There is a trend that cycles in and out of our collective societal consciousness to lump our eating and exercise habits together under a single banner. It can be difficult to avoid it – given that nutritional information on packages and menus supposedly tells us just how many calories we’re consuming; that our fitness and lifestyle trackers love to show us how many calories we’re burning through the day; and that there are endless diet plans and gurus that have you tracking your food on a daily basis, it’s no wonder that we’ve become attached to the notion of counting calories.
All of this, in and of itself, is not actually a bad thing (assuming it doesn’t become obsessive or compulsive) – in fact, I’ll often recommend people keep a food journal for a few days just to gain an awareness of their current eating patterns. But where these situations can go sideways is when we start to connect them in a cause/effect mindset and begin to adjust our eating or training habits in response to one or the other.
Before getting too deeply into this, a few facts to keep in mind when looking at nutrition and exercise. To begin with, the nutritional labels and breakdowns are, at best, an estimation… and frequently, not very accurate. Something else that’s notoriously inaccurate is our ability to self-report… it’s not a statement against our character, but by nature, we tend to overestimate the amount of exercise we do and underestimate how much we’re eating.

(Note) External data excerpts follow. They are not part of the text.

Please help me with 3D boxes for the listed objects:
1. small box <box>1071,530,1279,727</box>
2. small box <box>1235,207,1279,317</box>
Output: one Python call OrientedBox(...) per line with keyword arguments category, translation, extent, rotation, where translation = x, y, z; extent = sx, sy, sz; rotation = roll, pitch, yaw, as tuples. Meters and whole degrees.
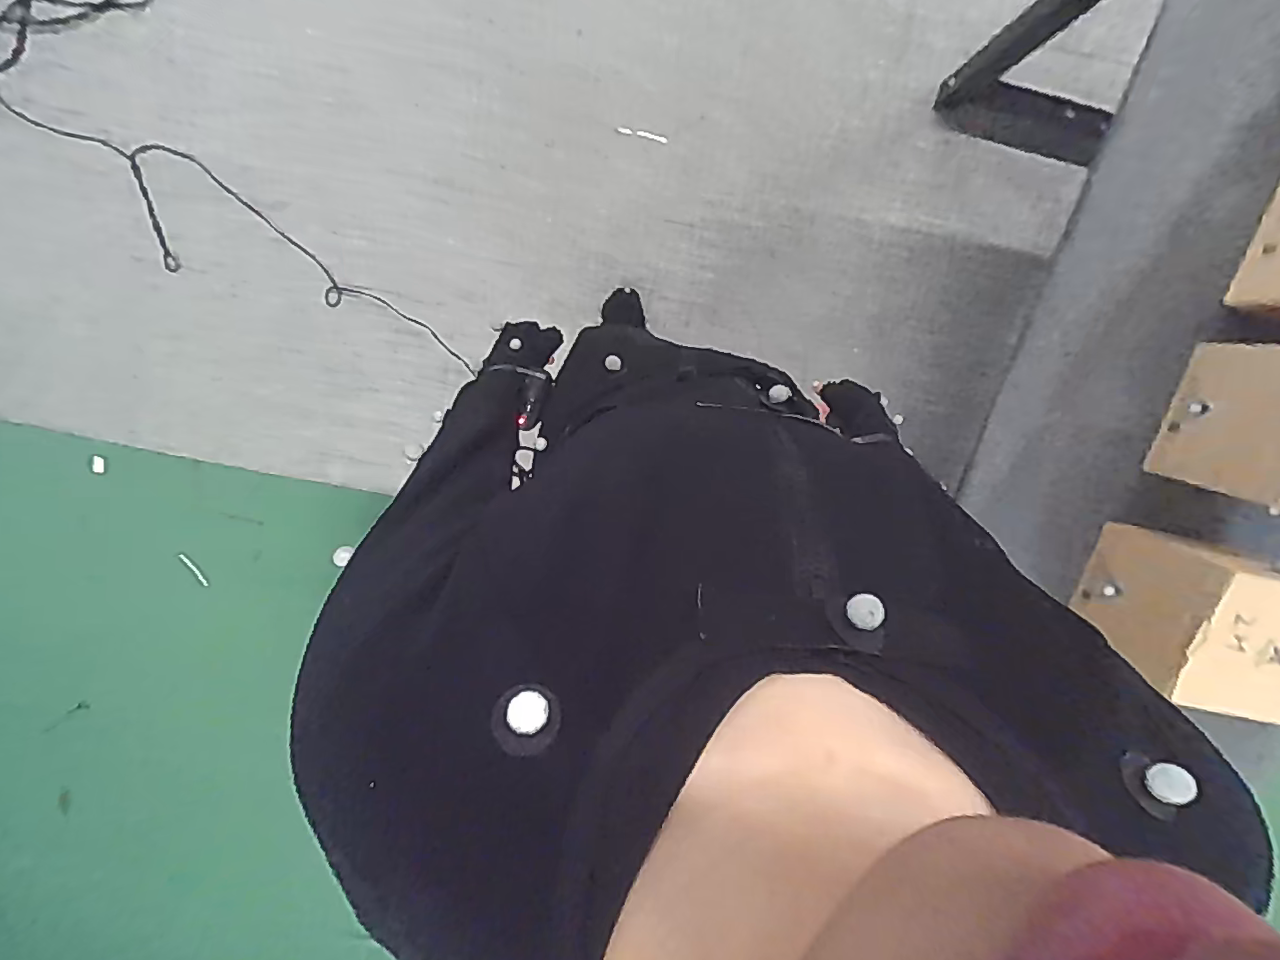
OrientedBox(category="small box", translation=(0.704, 0.174, 0.669), extent=(0.179, 0.176, 0.168), rotation=(12, 104, -2))
OrientedBox(category="small box", translation=(0.807, -0.250, 0.560), extent=(0.179, 0.176, 0.168), rotation=(12, 104, -3))
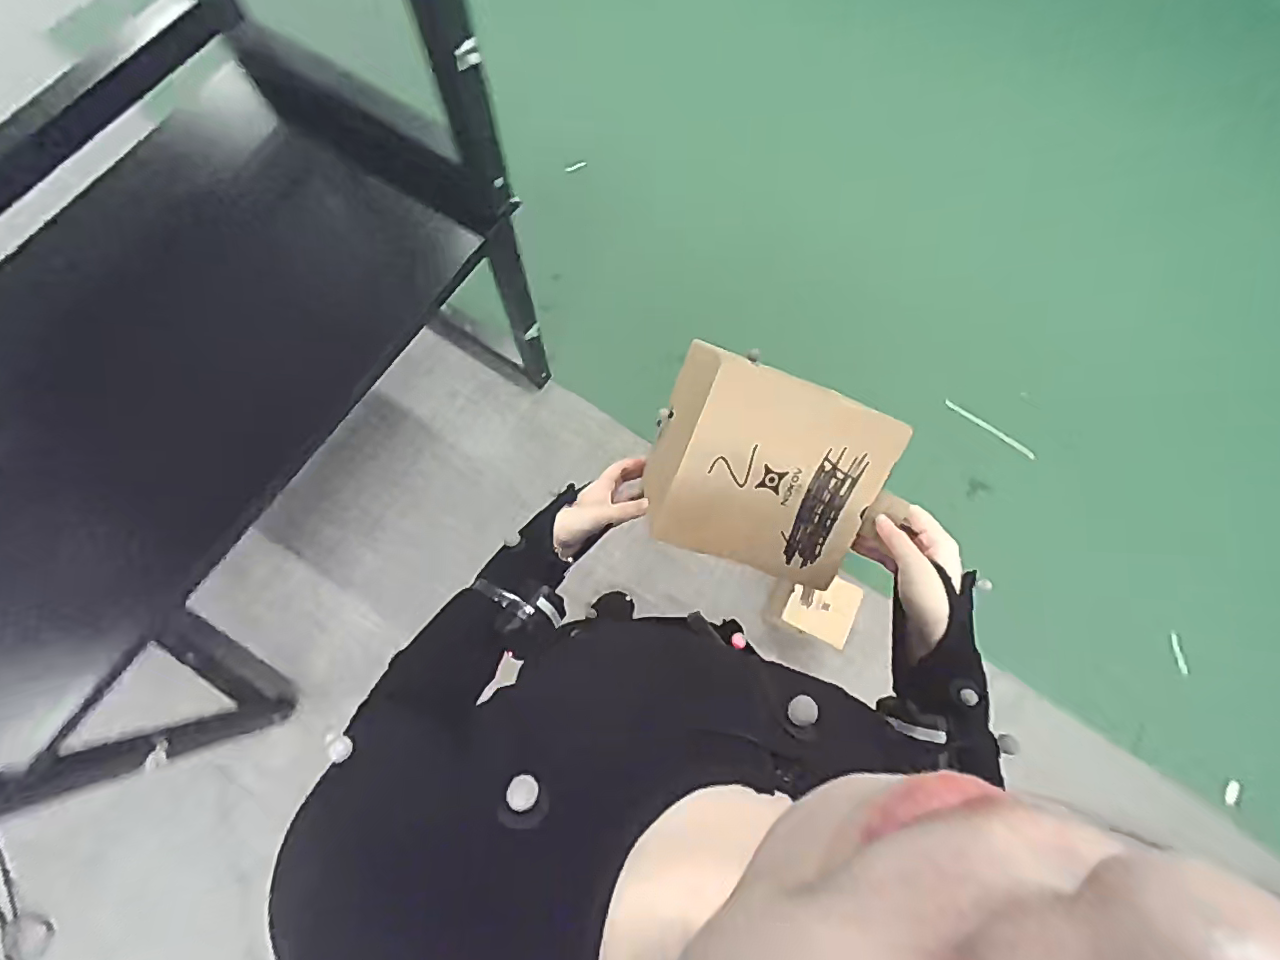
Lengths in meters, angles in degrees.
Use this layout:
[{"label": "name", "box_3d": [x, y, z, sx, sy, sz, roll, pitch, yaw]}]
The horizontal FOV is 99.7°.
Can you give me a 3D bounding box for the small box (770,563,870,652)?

And lastly, keep in mind that energy expenditure is not exclusively how much we “burn” doing that 45min HIIT class or 60mins on the treadmill – rather, it’s the total number of calories that we burn throughout the day including the 23hrs we’re NOT exercising. This total energy expenditure is made up of a few different components: our Base Metabolic Rate (BMR) – which is essentially how many calories we need just to live (breathing, sleeping, getting through the day); the Thermic Effect of Food (TEF) which is a fancy name for the metabolic impact of digestion and your body breaking what you’ve eaten down; and your active metabolic rate, in the form of Non-Exercise Activity Thermogenesis (walking to and from the grocery store, or climbing the stairs to your office) and Exercise Activity Thermogenesis (NEAT and EAT, respectively).
Where We Go Awry
It’s when we stop looking at this information objectively and begin to assign emotional attributes to these numbers – and this can stem from a lot of places, including, unfortunately, the messaging from the health and fitness industry. Posters that say things like “30mins on the stair-mill is equal to half a hamburger” or being berated because you indulged at the birthday dinner the night before can create a toxic, unproductive, and inhibiting mindset.
“Trading calories” can seem like such an innocuous concept – you worked out hard, so you’ve “earned” those slices of pizza. Or you do an extra 15mins on the treadmill because you over-indulged on the weekend. I mean, we’ve all done this, right? It’s a slippery slope, though, and can lead to an endless cycle of regret, guilt, and atonement. Nothing takes the joy out of a delicious meal faster than adding up the theoretical calories in your head and calculating how long you need to work out to “burn it off”; similarly, nothing can make a training session more interminable than setting a certain number of calories as your target for completion.
So check yourself if you start thinking this way, or break that cycle if you already are: food should never be a reward, and exercise should never be a punishment. Instead, set about learning and developing healthy habits that can be incorporated into your every day – for example, figure out how you can prepare the type of food you enjoy and still have it be a healthy and nutrient-rich meal. Focus on what you can achieve physically because of your workout, rather than doing it for the sake of countering other lifestyle choices. Nutrition and exercise are inextricably linked, yes – but while they will forever be correlated, we need to stop seeing them strictly through the lens of “cause and effect” or we run the risk of deriving no satisfaction from either of them.